Roaring ‘Mousetrap’ turns in a big hit for Turner  

Geraldine Turner as “The Mousetrap’s” Mrs Boyle… “a great character to play, she’s so unlike me, an upper-class British woman.” Photo: Brian Geach

WHEN musical theatre star Geraldine Turner appears at The Playhouse in the 70th anniversary production of Agatha Christie’s “The Mousetrap”, her character’s reputation as “the seriously unpleasant retired magistrate, Mrs Boyle” will precede her.

“I would rather describe her as ‘misunderstood’,” Turner tells me, leaping to Mrs Boyle’s defence by phone from His Majesty’s Theatre in Perth, where they’re on tour. 

“Yes, she complains a lot about things in Monkswell Manor, but she’s right… everything is relative,” Turner says.

“The Mousetrap” is the longest-running play in the world, with its 28,915th performance having taken place in November 2022. It’s also the longest-running West End show and a “must” on the calendar of tourists to London, seen by nearly 10 million people there.

The show, in which the audience is asked not to reveal “whodunnit” after leaving the theatre, was once confined to London, but in recent years the play’s performing rights have been released and it has been seen in amateur and professional productions in Canberra.

When I’m talking to Turner, they’ve already played in Sydney, Brisbane, Adelaide and Melbourne – and everywhere it’s been has been packed out.

After Canberra it will return to Brisbane, then finish up at the Riverside Theatre in Parramatta in June. 

Turner is naturally keen to defend not just Mrs Boyle but the work itself, which was deplored by the “Manchester Guardian” critic when it first came out in 1952 for characters said to be “built entirely of clichés”. 

She strongly disputes this view, saying: “Mrs Boyle is a great character to play, she’s so unlike me, an upper-class British woman.” 

It’s no secret that her character gets bumped off at the end of Act I, so Turner sits in the wings for a while and does “a bit of reading”.

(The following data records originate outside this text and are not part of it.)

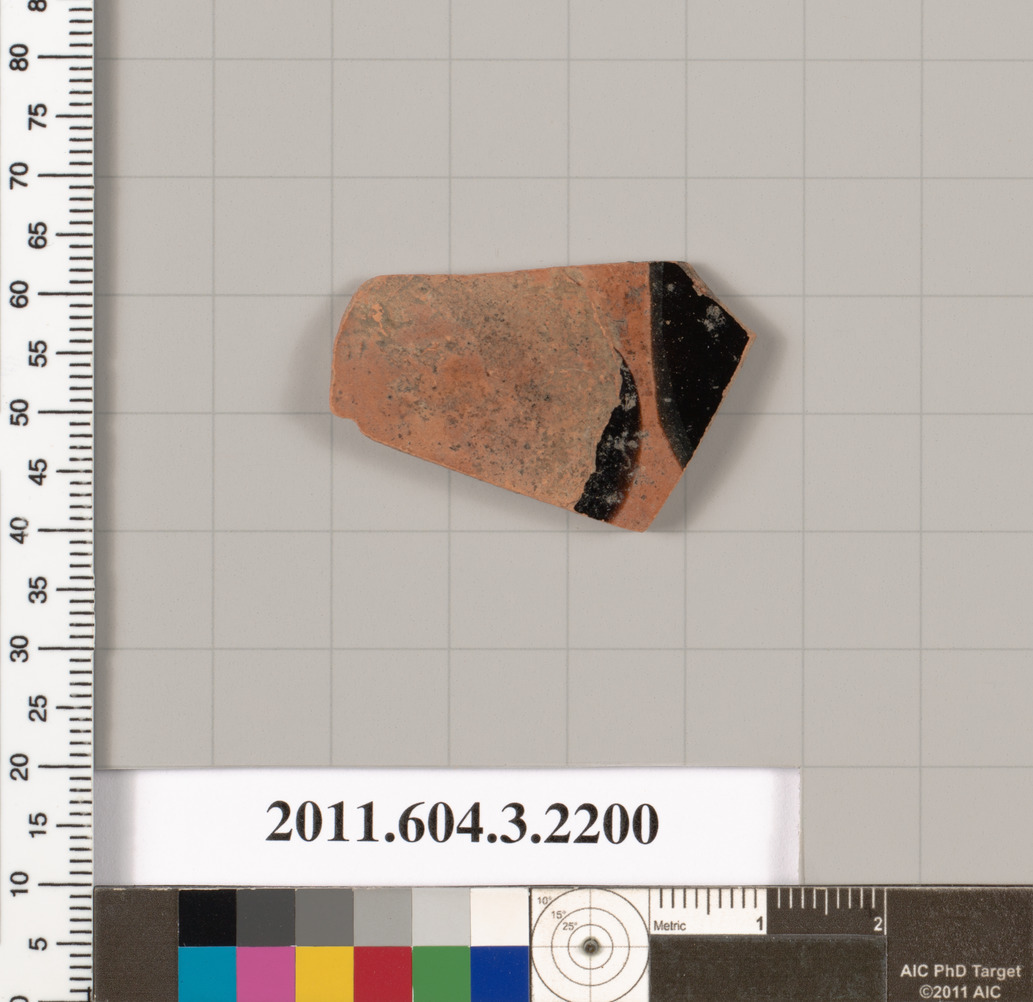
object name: kylix fragment
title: Terracotta fragment of a kylix (drinking cup)
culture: greek, attic
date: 600-401 BCE
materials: terracotta

When I suggest that the play’s not a patch on Christie’s “And Then There Were None”, she retorts: “Yes, of course there are clichés, with all the characters snowed-in, but what you don’t expect is how funny it is. It’s not just a whodunnit, it’s a comedy as well, and it adds up to a fantastic night of theatre.

“When I was offered the role, I did it because I needed a job after covid… I started to read it thinking it would be just one of those old-fashioned plays, but in fact it leapt off the page, a much better play than I thought. 

“You don’t feel it as a hoary, old piece, but it does depend on an ensemble of actors working together.” 

This commercial version produced by John Frost, for Crossroads Live Australia, is directed by eminent Australian actor-director Robyn Nevin and has been billed as a night of star performers, so it’s odd that in the publicity, she is billed as “Geraldine Turner (‘Present Laughter’, ‘Don’s Party’)” since she’s much better known for her star roles in musicals such as “Chicago” and “Anything Goes”. 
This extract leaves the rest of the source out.